I will conclude that we should stop giving Disney a reason to make poor updated versions of our favorite movies, and the best way to do that is NOT SEE the new versions. With the pace that Disney is already at, I find it very unlikely that Mulan or The Rescuers will fare any better.

Been away, forgive me…

I realize that I have not contributed to this blog since early October, and it is now a week or so away from Thanksgiving. What kept me away? Distraction and ultimately no motivation, as there have not been many movies that I’m eager to see until now.

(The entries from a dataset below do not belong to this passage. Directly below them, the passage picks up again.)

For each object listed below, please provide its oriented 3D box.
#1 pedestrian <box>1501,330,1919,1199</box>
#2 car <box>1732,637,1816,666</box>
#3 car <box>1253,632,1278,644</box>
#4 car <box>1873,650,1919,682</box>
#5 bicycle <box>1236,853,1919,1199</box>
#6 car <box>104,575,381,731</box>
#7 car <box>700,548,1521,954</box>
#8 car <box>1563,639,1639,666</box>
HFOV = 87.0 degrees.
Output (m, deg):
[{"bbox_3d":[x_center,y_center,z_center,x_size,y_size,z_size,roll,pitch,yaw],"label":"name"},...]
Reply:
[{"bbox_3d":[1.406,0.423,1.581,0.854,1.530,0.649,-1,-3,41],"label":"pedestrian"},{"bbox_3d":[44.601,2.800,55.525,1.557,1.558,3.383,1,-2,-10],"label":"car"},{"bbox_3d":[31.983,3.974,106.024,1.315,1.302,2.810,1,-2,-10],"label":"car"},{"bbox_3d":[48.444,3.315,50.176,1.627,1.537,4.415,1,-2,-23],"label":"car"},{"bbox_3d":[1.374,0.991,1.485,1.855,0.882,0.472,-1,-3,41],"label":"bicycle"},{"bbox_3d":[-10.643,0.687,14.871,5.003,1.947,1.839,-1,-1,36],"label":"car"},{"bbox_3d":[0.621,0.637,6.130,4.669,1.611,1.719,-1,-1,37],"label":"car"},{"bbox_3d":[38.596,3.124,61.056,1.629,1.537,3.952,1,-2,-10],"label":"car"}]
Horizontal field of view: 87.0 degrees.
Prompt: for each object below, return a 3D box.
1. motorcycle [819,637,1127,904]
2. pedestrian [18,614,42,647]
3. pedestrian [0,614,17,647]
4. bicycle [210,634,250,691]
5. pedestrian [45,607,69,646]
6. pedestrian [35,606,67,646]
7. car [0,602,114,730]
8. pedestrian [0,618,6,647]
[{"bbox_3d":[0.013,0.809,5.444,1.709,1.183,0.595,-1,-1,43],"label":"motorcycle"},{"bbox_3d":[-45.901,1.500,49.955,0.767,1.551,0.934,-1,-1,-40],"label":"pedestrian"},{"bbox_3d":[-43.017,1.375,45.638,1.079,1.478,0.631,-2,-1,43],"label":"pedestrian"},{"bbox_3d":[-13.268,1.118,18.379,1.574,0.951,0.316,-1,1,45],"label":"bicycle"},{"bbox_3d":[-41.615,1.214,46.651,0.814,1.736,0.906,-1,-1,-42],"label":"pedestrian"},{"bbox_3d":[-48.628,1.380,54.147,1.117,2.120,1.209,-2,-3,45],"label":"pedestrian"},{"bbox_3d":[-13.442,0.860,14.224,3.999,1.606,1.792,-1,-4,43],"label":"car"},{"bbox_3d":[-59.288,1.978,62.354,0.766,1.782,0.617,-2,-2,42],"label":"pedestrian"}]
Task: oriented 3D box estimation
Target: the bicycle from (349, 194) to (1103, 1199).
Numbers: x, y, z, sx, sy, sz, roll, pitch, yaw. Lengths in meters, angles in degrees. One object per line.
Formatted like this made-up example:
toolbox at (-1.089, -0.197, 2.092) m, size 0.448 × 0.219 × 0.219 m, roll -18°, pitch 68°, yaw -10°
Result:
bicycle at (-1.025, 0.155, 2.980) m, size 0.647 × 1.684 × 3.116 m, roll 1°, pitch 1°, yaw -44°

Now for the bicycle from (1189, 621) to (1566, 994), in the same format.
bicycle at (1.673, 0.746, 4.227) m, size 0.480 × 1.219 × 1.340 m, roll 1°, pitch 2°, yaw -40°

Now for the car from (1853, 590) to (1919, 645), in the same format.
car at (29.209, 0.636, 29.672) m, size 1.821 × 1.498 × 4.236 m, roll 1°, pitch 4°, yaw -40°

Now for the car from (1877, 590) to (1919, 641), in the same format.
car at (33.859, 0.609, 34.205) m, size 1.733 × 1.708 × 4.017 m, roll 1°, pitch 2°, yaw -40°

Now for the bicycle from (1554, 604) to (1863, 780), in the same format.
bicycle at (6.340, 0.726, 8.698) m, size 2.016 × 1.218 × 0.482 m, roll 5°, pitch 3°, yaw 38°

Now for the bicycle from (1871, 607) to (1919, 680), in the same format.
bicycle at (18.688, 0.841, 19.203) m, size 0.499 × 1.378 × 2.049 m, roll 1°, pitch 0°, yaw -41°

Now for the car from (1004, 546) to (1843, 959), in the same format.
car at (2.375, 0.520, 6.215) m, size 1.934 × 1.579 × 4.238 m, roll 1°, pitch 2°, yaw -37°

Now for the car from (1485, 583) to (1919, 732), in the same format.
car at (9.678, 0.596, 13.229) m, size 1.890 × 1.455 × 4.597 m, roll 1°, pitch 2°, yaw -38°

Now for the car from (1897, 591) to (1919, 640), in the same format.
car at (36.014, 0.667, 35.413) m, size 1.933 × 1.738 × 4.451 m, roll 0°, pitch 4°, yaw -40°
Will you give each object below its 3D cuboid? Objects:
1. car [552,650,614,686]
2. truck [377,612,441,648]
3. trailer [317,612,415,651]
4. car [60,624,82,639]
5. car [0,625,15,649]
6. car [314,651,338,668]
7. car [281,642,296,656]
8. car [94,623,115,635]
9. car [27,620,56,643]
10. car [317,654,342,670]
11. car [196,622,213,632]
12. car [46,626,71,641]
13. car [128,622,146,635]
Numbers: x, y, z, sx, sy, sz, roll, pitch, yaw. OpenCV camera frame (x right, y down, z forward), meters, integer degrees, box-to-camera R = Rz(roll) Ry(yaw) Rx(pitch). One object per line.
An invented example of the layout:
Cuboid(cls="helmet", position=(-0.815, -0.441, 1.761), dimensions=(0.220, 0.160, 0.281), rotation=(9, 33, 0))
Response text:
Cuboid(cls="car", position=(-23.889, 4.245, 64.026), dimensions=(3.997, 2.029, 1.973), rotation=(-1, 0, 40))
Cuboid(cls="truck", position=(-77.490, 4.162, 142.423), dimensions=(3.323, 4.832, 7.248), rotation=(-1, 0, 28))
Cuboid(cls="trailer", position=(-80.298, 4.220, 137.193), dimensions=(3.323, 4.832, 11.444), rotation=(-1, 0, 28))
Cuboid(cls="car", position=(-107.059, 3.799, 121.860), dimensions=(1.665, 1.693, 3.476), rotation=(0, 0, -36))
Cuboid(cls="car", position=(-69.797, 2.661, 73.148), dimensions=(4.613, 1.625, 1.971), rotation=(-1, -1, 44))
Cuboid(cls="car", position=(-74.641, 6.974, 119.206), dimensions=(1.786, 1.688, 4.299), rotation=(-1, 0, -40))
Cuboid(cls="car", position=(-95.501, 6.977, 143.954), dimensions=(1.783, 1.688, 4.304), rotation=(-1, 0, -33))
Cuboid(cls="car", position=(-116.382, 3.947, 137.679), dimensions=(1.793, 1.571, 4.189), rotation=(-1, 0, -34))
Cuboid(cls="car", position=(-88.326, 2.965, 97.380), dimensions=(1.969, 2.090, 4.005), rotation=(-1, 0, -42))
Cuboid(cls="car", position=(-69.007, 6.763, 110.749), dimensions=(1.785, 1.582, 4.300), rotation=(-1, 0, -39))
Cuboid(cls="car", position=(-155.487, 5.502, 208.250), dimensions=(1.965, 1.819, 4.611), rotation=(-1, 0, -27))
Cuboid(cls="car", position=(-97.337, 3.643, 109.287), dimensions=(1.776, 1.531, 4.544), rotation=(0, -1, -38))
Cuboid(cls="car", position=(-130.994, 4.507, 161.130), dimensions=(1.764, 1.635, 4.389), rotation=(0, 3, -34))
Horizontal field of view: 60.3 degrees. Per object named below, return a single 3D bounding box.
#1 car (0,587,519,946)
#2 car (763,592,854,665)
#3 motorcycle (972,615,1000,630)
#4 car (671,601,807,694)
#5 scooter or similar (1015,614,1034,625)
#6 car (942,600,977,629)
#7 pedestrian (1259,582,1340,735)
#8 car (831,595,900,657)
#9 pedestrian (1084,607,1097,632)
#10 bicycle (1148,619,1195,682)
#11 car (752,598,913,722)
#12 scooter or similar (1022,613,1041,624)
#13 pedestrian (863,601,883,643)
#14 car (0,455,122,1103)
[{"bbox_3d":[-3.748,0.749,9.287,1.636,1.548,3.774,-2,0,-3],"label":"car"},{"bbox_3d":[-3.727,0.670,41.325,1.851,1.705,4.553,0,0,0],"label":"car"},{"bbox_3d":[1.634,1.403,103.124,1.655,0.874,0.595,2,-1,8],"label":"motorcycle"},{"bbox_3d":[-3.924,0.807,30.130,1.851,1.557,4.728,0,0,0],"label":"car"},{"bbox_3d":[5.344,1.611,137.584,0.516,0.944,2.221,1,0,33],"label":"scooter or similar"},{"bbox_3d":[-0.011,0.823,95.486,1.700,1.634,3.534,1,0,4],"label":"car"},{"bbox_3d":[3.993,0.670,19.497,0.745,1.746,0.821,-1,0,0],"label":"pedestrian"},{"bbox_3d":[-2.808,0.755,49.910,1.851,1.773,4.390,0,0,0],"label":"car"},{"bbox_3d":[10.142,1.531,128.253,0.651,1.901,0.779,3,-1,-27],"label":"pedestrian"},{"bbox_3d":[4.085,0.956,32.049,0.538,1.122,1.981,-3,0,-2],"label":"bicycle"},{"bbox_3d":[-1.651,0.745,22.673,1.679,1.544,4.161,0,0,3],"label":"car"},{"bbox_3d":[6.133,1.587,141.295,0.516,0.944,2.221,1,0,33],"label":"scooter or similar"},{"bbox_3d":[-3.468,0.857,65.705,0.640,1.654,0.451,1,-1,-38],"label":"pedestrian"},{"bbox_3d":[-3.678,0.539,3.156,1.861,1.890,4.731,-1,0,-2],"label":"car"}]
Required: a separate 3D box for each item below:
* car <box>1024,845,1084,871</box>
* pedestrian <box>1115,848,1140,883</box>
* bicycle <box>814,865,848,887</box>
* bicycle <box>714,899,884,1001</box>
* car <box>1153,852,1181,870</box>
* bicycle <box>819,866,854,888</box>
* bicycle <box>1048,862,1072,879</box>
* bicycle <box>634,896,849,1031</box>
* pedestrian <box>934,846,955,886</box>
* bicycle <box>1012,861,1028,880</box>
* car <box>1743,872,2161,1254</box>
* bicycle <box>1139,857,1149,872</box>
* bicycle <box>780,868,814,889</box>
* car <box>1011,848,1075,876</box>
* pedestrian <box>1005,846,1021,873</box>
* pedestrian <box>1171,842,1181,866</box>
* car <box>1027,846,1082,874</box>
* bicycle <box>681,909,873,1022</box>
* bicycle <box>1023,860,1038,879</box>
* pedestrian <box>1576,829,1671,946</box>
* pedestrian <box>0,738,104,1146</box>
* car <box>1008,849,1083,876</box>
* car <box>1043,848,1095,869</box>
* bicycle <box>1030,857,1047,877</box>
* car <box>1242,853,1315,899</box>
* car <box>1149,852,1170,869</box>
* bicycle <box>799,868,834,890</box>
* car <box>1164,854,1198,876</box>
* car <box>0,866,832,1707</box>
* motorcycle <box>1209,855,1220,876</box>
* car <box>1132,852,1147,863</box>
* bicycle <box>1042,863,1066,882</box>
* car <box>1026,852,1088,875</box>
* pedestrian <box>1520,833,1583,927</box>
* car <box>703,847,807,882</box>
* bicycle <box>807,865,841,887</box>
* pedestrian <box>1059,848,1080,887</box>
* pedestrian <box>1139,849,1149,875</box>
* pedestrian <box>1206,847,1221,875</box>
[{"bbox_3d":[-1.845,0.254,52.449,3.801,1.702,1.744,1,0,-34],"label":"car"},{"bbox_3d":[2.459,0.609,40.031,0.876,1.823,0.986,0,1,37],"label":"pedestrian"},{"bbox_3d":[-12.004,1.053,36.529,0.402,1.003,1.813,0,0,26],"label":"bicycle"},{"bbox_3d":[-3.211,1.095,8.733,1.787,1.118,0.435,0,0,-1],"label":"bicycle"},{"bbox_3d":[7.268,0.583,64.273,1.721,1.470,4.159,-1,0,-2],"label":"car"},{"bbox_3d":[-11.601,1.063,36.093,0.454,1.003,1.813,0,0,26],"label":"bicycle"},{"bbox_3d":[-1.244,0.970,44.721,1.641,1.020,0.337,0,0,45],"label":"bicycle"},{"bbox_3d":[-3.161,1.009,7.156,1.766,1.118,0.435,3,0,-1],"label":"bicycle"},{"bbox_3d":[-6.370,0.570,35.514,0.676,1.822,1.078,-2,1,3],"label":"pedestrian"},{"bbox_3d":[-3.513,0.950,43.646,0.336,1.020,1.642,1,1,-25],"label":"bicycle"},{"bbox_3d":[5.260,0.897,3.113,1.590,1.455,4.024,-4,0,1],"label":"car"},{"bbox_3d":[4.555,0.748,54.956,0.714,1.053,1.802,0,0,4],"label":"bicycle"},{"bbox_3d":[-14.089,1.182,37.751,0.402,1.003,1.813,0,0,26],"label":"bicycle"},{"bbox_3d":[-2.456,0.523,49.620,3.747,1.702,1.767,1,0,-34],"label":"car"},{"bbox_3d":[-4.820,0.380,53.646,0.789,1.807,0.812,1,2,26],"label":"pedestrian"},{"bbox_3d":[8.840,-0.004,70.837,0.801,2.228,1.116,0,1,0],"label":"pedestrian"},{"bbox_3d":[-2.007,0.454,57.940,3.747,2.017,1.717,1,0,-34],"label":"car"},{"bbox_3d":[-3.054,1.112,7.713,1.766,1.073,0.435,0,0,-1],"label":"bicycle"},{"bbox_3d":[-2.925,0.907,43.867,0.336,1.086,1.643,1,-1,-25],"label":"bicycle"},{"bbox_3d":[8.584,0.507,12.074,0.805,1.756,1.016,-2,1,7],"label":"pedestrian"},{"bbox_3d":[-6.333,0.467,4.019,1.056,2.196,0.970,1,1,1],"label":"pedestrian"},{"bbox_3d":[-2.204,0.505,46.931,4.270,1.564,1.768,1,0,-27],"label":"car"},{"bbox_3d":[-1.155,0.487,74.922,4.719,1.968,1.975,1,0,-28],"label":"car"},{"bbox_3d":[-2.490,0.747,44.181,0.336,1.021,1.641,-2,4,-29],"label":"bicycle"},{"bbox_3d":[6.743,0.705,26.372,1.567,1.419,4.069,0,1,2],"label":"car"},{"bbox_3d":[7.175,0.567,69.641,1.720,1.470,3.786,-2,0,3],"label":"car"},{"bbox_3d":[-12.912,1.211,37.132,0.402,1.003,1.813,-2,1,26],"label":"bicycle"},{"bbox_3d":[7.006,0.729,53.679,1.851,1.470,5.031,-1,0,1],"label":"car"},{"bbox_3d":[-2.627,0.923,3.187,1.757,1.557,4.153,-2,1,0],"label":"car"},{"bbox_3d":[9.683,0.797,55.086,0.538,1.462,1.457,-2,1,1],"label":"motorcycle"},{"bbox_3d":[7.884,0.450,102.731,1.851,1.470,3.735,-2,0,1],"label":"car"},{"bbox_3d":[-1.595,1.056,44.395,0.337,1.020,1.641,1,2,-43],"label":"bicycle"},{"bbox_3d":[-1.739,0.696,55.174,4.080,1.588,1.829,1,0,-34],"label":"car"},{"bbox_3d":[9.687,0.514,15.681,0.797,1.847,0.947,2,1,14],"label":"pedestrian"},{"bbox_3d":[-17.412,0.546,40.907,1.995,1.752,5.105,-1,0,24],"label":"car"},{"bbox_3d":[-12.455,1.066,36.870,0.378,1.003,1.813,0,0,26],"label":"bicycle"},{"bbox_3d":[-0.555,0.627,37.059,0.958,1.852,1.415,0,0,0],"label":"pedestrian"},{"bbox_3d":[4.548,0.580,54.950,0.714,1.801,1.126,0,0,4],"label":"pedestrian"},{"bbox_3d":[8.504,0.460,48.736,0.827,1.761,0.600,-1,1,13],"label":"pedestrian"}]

Hopefully there will be more activity here in the coming weeks, as I am looking forward to the release of Scorsese’s The Irishman (which I WILL NOT be watching on Netflix, as any film by an artist as legendary as Scorsese deserves to be seen on the big screen, as movies were intended), A Beautiful Day in the Neighborhood (as we all need a reminder of Fred Rogers, perhaps the nicest human to ever walk this earth, in an era of turmoil and division across our country revolving around one man), and Knives Out (while still holding onto frustration from director Rian Johnson’s botched take on the previous Star Wars movie).

It’s also quite expensive to see a movie, nowadays, which very easily explains how so many popular films sail across the $1 billion mark. If this blog DID accrue a following that would provide me with the financial liberty to devote myself to the movies full-time (hint, hint) then maybe I could contribute to the readers’ interest in cinema.

Until then, I am going to have to take the budgeted approach to movies and occasionally make my way out to the theaters or find a pirated version of whatever is popular right now (hopefully the government is not reading this… but that’s assuming that there ARE people reading whatever has been posted on this cheaply assembled website).

I hope to be back soon. I need to keep going.